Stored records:
***
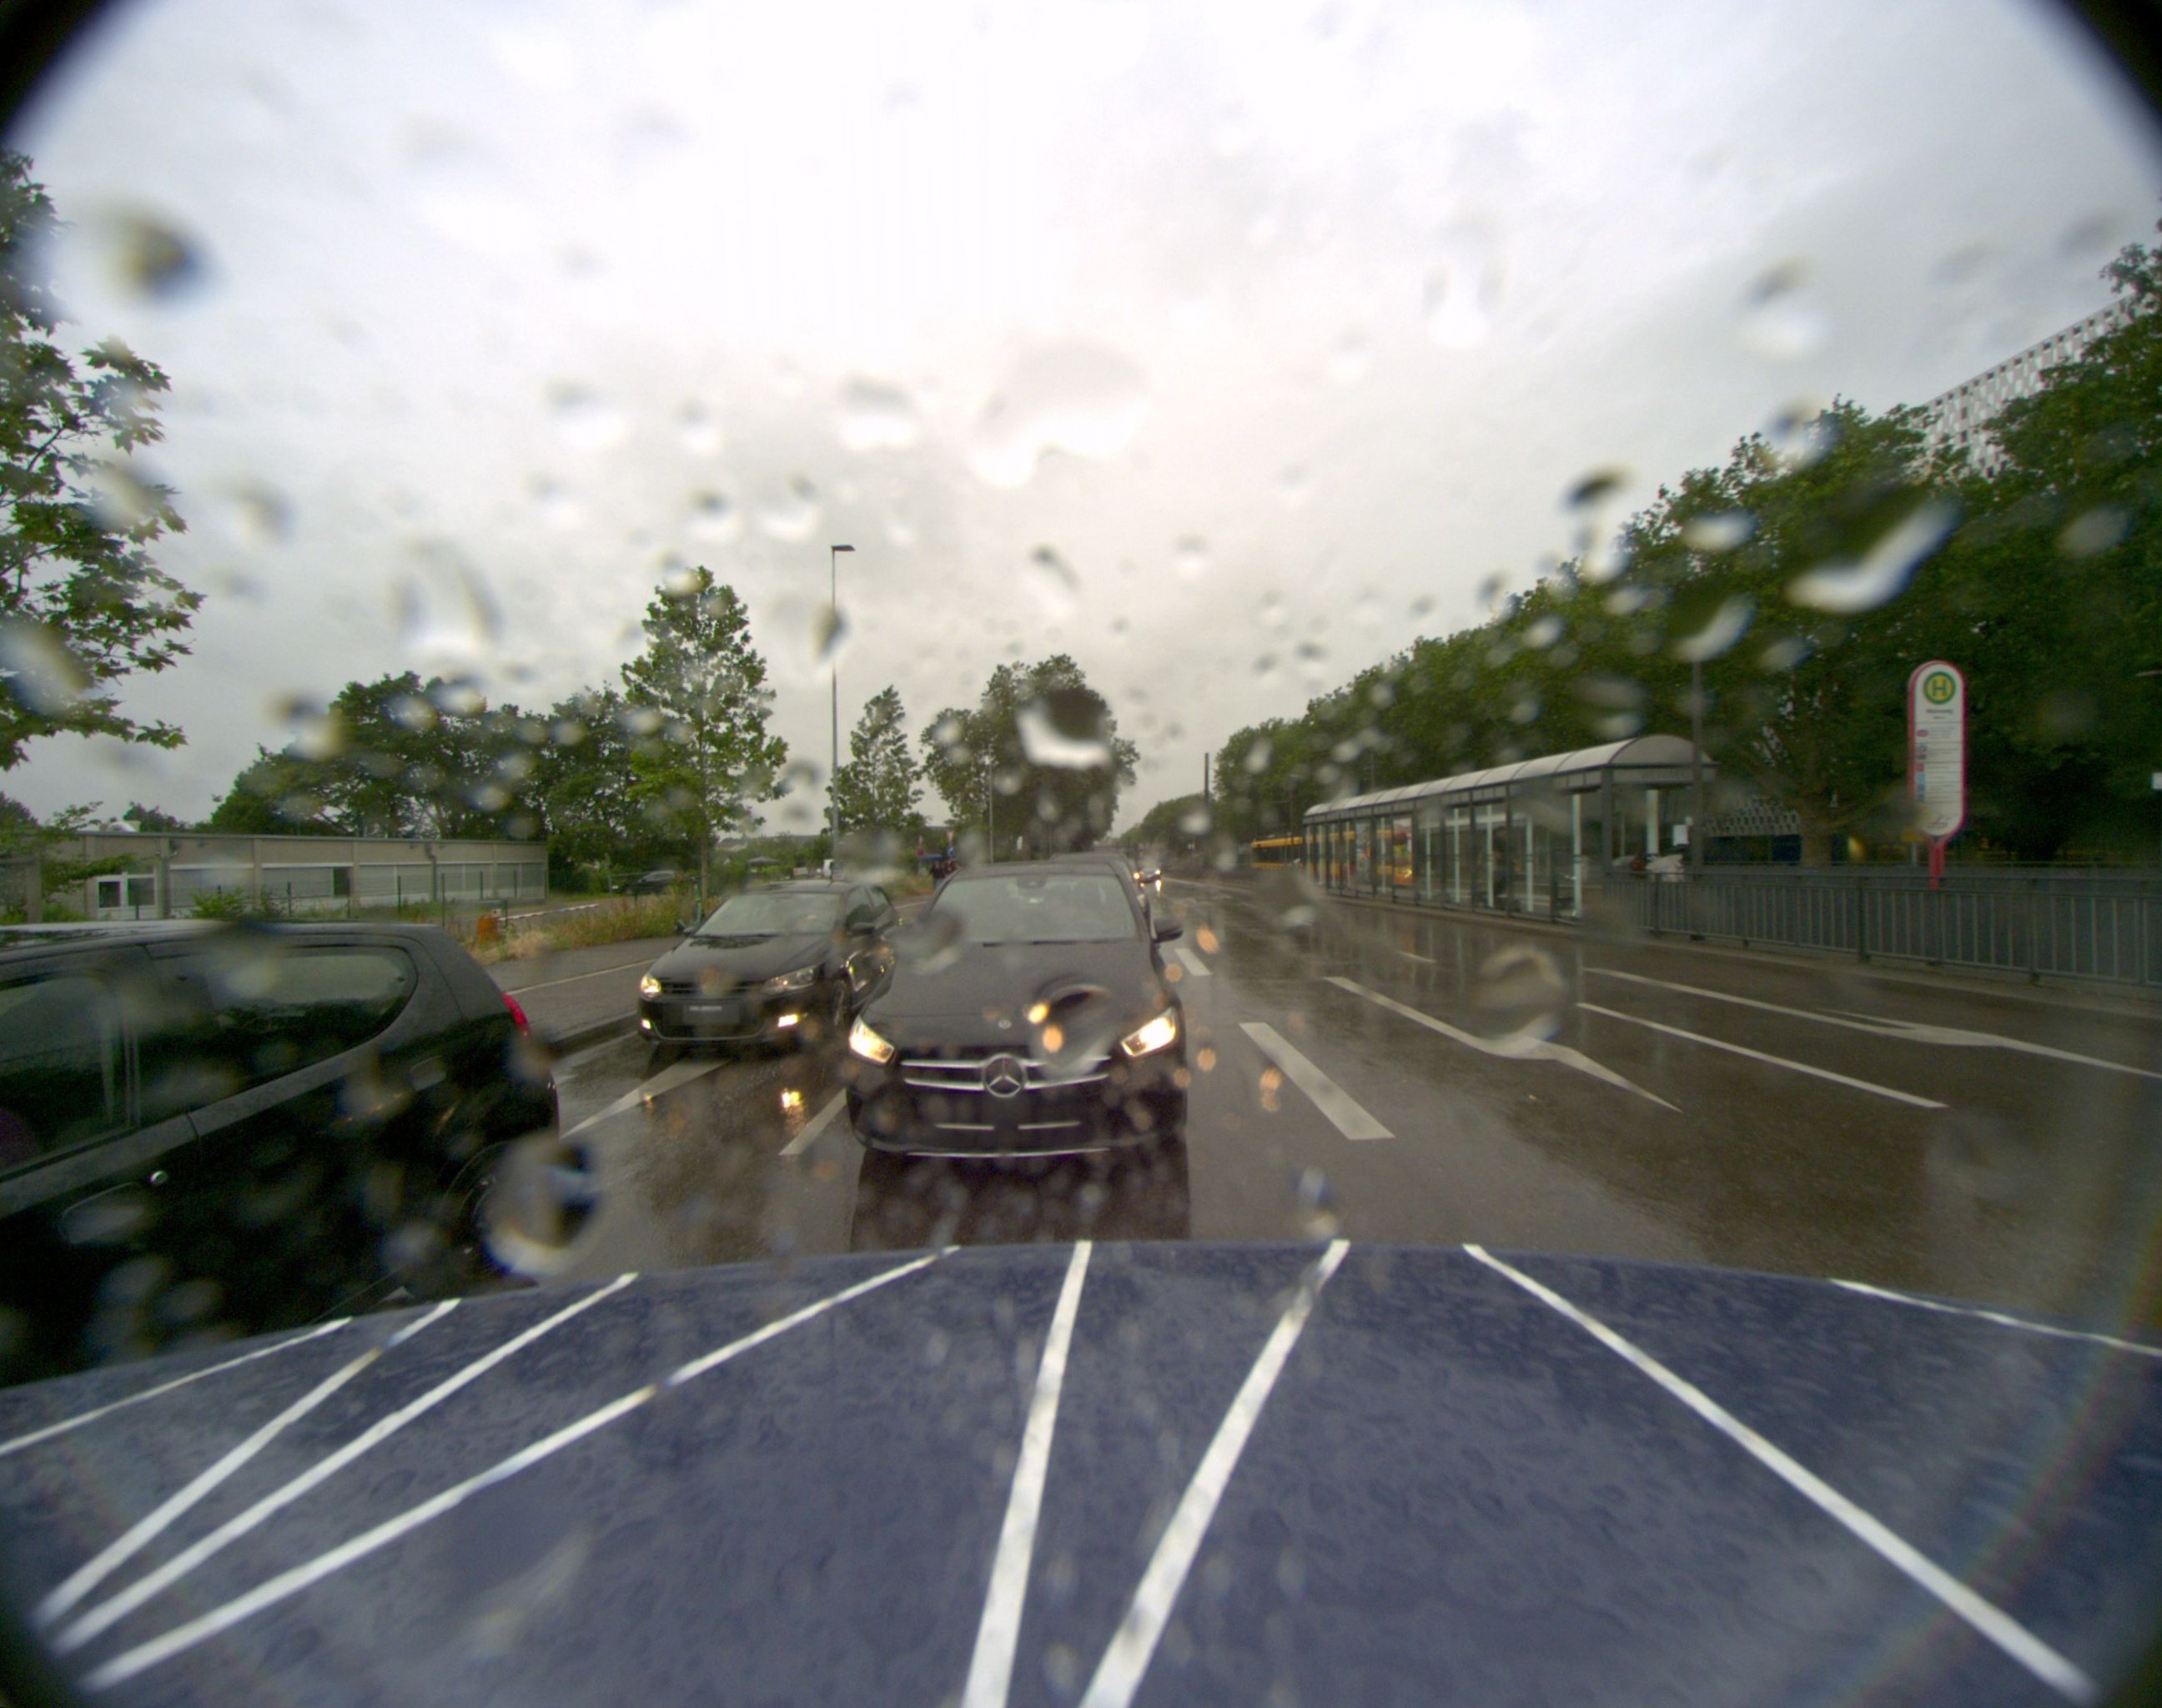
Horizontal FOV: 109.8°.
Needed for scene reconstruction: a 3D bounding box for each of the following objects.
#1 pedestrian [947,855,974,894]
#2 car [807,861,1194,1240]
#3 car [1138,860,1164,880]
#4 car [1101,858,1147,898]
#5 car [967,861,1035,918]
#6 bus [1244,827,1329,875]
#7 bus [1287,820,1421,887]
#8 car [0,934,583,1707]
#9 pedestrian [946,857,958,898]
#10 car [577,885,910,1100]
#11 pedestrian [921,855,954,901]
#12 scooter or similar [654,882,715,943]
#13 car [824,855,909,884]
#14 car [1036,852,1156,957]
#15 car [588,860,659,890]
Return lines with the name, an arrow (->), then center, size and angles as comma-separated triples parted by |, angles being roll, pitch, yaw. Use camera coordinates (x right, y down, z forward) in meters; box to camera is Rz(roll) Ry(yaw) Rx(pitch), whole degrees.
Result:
pedestrian -> -5.448, 0.906, 34.397 | 1.025, 1.698, 0.891 | 1, 1, 0
car -> -0.333, 0.917, 5.520 | 1.690, 1.578, 4.163 | -2, 1, 1
car -> 5.549, 1.272, 60.779 | 1.766, 1.390, 4.645 | -2, 0, 2
car -> 1.925, 1.040, 34.913 | 1.794, 1.597, 3.999 | -2, 1, 0
car -> -2.540, 1.092, 24.939 | 1.698, 1.565, 3.813 | -2, 1, 1
bus -> 16.230, -0.309, 61.586 | 2.938, 3.310, 15.062 | -2, 1, 1
bus -> 16.020, -0.106, 46.405 | 2.938, 3.310, 15.062 | -2, 1, 1
car -> -2.982, 1.077, 1.452 | 1.633, 1.420, 3.624 | -2, 0, 0
pedestrian -> -5.278, 0.950, 31.112 | 0.401, 1.652, 0.441 | 1, 1, 0
car -> -2.935, 1.111, 7.508 | 1.633, 1.420, 3.624 | -2, 0, 0
pedestrian -> -5.500, 0.911, 29.156 | 1.082, 1.746, 0.969 | 0, 1, 0
scooter or similar -> -8.210, 1.182, 15.804 | 0.381, 1.123, 1.777 | 0, 1, -1
car -> -13.500, 0.962, 48.126 | 4.759, 1.640, 1.999 | -2, 1, -2
car -> 0.204, 0.722, 12.540 | 1.633, 1.420, 3.624 | -2, 0, 0
car -> -33.961, 1.517, 56.516 | 3.996, 2.002, 2.000 | -2, 1, 2
***
## Activity:
From the first line to the last, set down the data exactly, without the pictures.

## Result of this exercise:
Horizontal FOV: 109.8°.
Needed for scene reconstruction: a 3D bounding box for each of the following objects.
#1 pedestrian [947,855,974,894]
#2 car [807,861,1194,1240]
#3 car [1138,860,1164,880]
#4 car [1101,858,1147,898]
#5 car [967,861,1035,918]
#6 bus [1244,827,1329,875]
#7 bus [1287,820,1421,887]
#8 car [0,934,583,1707]
#9 pedestrian [946,857,958,898]
#10 car [577,885,910,1100]
#11 pedestrian [921,855,954,901]
#12 scooter or similar [654,882,715,943]
#13 car [824,855,909,884]
#14 car [1036,852,1156,957]
#15 car [588,860,659,890]
Return lines with the name, an arrow (->), then center, size and angles as comma-separated triples parted by |, angles being roll, pitch, yaw. Use camera coordinates (x right, y down, z forward) in meters; box to camera is Rz(roll) Ry(yaw) Rx(pitch), whole degrees.
Result:
pedestrian -> -5.448, 0.906, 34.397 | 1.025, 1.698, 0.891 | 1, 1, 0
car -> -0.333, 0.917, 5.520 | 1.690, 1.578, 4.163 | -2, 1, 1
car -> 5.549, 1.272, 60.779 | 1.766, 1.390, 4.645 | -2, 0, 2
car -> 1.925, 1.040, 34.913 | 1.794, 1.597, 3.999 | -2, 1, 0
car -> -2.540, 1.092, 24.939 | 1.698, 1.565, 3.813 | -2, 1, 1
bus -> 16.230, -0.309, 61.586 | 2.938, 3.310, 15.062 | -2, 1, 1
bus -> 16.020, -0.106, 46.405 | 2.938, 3.310, 15.062 | -2, 1, 1
car -> -2.982, 1.077, 1.452 | 1.633, 1.420, 3.624 | -2, 0, 0
pedestrian -> -5.278, 0.950, 31.112 | 0.401, 1.652, 0.441 | 1, 1, 0
car -> -2.935, 1.111, 7.508 | 1.633, 1.420, 3.624 | -2, 0, 0
pedestrian -> -5.500, 0.911, 29.156 | 1.082, 1.746, 0.969 | 0, 1, 0
scooter or similar -> -8.210, 1.182, 15.804 | 0.381, 1.123, 1.777 | 0, 1, -1
car -> -13.500, 0.962, 48.126 | 4.759, 1.640, 1.999 | -2, 1, -2
car -> 0.204, 0.722, 12.540 | 1.633, 1.420, 3.624 | -2, 0, 0
car -> -33.961, 1.517, 56.516 | 3.996, 2.002, 2.000 | -2, 1, 2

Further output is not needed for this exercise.